**TASK INSTRUCTIONS**
Your task is to quote the records from their first line through the line containing "8. glasses case", with nothing added or left out.

Dataset excerpts
---

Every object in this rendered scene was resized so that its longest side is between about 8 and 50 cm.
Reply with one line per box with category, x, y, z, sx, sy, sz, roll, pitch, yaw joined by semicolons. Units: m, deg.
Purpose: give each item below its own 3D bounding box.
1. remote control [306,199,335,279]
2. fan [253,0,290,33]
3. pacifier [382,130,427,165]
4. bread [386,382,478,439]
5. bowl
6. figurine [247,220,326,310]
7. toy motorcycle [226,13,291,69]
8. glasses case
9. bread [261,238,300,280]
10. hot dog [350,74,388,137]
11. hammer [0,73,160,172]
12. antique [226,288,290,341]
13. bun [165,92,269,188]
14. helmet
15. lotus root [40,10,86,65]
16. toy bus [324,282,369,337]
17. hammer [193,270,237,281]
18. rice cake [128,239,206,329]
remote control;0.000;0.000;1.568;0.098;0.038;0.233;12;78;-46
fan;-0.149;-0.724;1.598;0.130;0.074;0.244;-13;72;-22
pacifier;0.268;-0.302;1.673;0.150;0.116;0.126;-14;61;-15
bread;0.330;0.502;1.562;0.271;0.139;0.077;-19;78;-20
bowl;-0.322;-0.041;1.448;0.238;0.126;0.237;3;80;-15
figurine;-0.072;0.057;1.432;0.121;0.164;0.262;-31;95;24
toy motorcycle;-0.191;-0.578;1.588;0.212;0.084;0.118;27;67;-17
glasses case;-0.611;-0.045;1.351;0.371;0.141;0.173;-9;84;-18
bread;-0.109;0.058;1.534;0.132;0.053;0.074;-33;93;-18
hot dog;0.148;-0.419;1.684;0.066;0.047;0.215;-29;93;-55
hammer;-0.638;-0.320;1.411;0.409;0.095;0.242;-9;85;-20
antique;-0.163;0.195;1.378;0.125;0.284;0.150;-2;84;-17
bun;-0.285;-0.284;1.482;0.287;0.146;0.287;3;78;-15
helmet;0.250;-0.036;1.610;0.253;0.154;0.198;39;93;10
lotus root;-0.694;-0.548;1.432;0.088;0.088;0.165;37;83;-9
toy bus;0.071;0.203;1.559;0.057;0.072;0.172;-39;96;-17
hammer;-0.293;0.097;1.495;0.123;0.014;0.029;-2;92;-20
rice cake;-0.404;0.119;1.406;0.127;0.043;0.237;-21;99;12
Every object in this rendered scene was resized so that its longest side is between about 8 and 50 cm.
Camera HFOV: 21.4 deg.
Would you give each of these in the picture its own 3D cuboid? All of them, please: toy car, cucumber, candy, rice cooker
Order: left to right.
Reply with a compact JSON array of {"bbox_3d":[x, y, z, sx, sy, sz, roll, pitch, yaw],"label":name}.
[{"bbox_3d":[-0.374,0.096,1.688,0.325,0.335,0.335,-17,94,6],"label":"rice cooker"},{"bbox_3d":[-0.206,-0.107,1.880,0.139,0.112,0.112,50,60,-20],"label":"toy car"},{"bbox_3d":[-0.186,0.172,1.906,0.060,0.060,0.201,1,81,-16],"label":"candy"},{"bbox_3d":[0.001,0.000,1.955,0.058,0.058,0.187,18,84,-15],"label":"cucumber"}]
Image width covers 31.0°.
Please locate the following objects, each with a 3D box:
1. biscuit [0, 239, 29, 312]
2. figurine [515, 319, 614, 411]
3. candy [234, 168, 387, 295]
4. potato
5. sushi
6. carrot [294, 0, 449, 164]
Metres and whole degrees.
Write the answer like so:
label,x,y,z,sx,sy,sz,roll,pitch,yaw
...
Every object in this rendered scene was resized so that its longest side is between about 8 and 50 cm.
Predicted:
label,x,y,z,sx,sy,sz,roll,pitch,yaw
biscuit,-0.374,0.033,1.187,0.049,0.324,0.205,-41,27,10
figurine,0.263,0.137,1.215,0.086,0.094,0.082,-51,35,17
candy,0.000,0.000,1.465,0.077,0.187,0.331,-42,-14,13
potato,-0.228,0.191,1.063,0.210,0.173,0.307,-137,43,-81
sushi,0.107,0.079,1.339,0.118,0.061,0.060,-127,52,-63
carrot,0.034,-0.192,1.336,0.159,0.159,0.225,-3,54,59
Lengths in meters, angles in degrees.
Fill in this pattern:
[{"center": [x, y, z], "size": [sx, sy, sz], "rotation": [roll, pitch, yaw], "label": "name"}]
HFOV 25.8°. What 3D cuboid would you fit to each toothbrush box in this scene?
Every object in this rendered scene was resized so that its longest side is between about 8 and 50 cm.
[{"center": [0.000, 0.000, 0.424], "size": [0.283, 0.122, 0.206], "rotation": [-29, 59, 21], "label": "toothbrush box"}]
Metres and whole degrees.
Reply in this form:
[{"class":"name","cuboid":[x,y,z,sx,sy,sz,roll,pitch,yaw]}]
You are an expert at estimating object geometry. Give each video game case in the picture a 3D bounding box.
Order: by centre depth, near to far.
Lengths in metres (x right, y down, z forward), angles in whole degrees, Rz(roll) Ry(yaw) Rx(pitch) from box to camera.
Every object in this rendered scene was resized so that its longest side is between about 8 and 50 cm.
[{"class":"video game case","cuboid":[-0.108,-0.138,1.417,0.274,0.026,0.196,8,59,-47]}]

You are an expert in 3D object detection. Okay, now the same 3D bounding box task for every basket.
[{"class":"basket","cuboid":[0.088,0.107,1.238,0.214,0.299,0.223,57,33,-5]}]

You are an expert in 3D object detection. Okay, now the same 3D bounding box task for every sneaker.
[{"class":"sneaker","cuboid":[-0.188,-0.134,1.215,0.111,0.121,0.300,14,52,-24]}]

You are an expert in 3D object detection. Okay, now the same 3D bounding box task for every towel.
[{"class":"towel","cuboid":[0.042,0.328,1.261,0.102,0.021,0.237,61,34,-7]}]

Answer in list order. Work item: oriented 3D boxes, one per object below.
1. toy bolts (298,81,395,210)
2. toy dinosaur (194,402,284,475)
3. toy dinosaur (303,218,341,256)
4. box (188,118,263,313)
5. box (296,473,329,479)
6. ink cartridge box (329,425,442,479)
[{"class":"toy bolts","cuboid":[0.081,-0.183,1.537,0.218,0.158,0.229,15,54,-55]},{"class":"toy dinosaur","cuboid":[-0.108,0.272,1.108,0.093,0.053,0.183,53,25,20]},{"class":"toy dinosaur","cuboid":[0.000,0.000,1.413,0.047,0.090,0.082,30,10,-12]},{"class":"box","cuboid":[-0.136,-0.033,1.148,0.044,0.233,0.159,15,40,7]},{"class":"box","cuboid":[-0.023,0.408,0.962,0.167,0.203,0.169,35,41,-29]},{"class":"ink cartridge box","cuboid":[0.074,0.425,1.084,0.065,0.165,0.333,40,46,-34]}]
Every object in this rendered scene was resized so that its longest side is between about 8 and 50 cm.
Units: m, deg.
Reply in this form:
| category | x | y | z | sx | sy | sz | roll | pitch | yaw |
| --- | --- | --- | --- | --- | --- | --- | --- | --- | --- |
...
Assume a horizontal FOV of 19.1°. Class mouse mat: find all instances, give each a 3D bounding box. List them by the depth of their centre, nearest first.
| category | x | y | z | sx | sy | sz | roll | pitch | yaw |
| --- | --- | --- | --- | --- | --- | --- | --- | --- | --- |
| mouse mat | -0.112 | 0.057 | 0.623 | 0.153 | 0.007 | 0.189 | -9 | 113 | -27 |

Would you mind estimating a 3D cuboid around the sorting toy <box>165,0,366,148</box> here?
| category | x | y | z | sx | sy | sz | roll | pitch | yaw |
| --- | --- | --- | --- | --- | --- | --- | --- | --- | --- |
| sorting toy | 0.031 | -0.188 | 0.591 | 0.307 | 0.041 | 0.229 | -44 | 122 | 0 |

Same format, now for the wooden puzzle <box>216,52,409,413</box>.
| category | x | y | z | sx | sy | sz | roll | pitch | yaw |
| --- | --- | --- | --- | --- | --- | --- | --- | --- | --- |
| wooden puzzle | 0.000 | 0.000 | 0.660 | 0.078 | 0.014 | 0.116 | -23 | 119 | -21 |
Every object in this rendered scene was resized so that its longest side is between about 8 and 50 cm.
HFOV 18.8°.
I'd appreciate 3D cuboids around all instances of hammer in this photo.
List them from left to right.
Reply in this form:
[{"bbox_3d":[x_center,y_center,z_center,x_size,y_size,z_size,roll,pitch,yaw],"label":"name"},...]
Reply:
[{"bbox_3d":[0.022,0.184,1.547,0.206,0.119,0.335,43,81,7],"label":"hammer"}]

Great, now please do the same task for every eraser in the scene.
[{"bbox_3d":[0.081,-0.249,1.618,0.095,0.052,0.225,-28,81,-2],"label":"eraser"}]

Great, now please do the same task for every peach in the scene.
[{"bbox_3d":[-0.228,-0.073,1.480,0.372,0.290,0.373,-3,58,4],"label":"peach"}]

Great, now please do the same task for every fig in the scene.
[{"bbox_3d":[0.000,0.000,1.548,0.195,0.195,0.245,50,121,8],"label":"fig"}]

---

**SOLUTION TO THE PROBLEM**
Every object in this rendered scene was resized so that its longest side is between about 8 and 50 cm.
Reply with one line per box with category, x, y, z, sx, sy, sz, roll, pitch, yaw joined by semicolons. Units: m, deg.
Purpose: give each item below its own 3D bounding box.
1. remote control [306,199,335,279]
2. fan [253,0,290,33]
3. pacifier [382,130,427,165]
4. bread [386,382,478,439]
5. bowl
6. figurine [247,220,326,310]
7. toy motorcycle [226,13,291,69]
8. glasses case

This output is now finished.